Hello, my name is…well it’s my username. Anyway, I guess a story is in order. I think my addiction to PMO started when I was about 13 a decade ago. I didn’t even know what MO was until I accidentally discovered it myself one night. Felt incredible, but scared me half to death when I thought I was releasing a bunch of white blood cells. Dur her dur. Anyway, I figured it out, and continued doing it. It started to get harder to do it until I made the discovery of the century: images that stimulate sexual urges increase the likelihood of successful ejaculation. Brilliant! So porn came into the picture, first as things simple as bikinis (screw you DOA Beach Volleyball), and censored images of nudity. I would skip through all 70 channels on TV (very, very basic cable) to find anything of stimulation. And sooner or later of course, I graduated to using the computer to more erogenous zones. I don’t really prefer hardcore because it gets kind of gross in my opinion (Is that area safe, or is it going to eat me). In fact I usually stick to illustrations and animation to get my kicks because, tell me if you haven’t this before: if they’re not real people, then it’s not as bad. Again, dur her dur. I’ve tried everything from visiting my bishop (Born, raised, and still am Mormon), visiting a therapist, and going over 12 step programs provided. Good intentions, but it’s just not enough to kick it 100%. Perhaps it’s because I don’t have any friends to hang out with, perhaps it’s my health, I don’t know. I don’t even have a Facebook or Twitter, that’s how dead my social life is. I heard of this site and kind of chuckled when I heard the name (and even more when I saw the moto), but when I read what it’s about, I was touched. It is so inspiring to see a site where people leave their prejudices and differences at the door to all come together to lift each other up to overcome this mental (as well as spiritual for people like me) poison. I’m getting older, and I want a wife someday. Plus, I’ve always found my brain to be in absolute fog. It’s like it’s suffocating from the sludge. My college grades aren’t too good, and I have no confidence at all. I hope this will all change after a while. So yeah, this will be my first social site. Let see what happens.

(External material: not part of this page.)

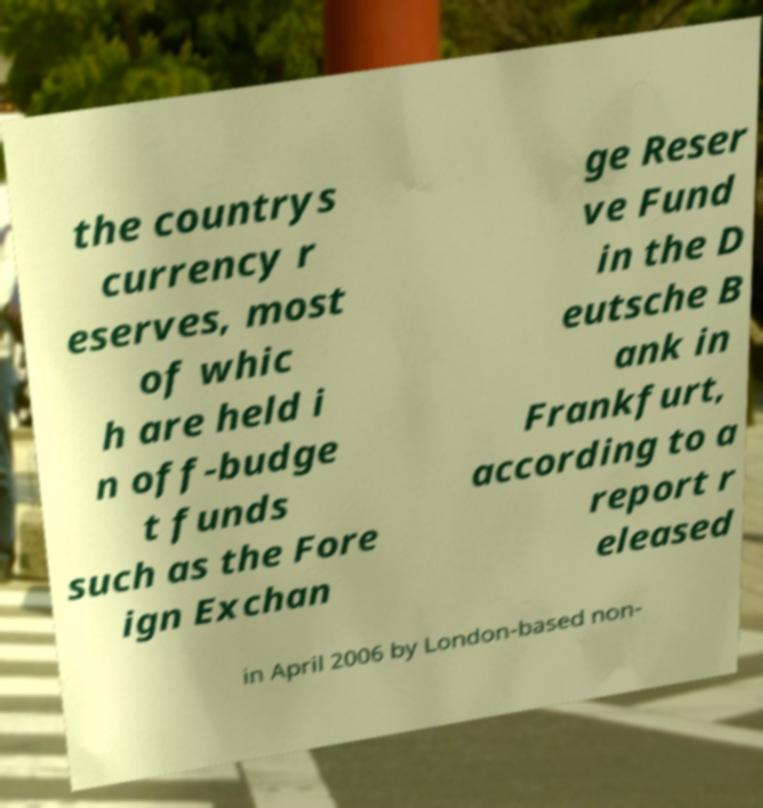Please identify and transcribe the text found in this image. the countrys currency r eserves, most of whic h are held i n off-budge t funds such as the Fore ign Exchan ge Reser ve Fund in the D eutsche B ank in Frankfurt, according to a report r eleased in April 2006 by London-based non-

It's really a hard journey. An accountability partner(ap) can help you with this journey to change. I already have an ap but I'm still willing to help you as your ap.
If you need an ap just send me your gmail acc and we'll talk there. Me and my other aps have strategies to stop our pmo
Oh...I don't know if I can do that. It's not you, it's just that I'm very scared of giving anyone my email. I do thank you though for caring enough to offer, and I do wish you the best in beating this as well.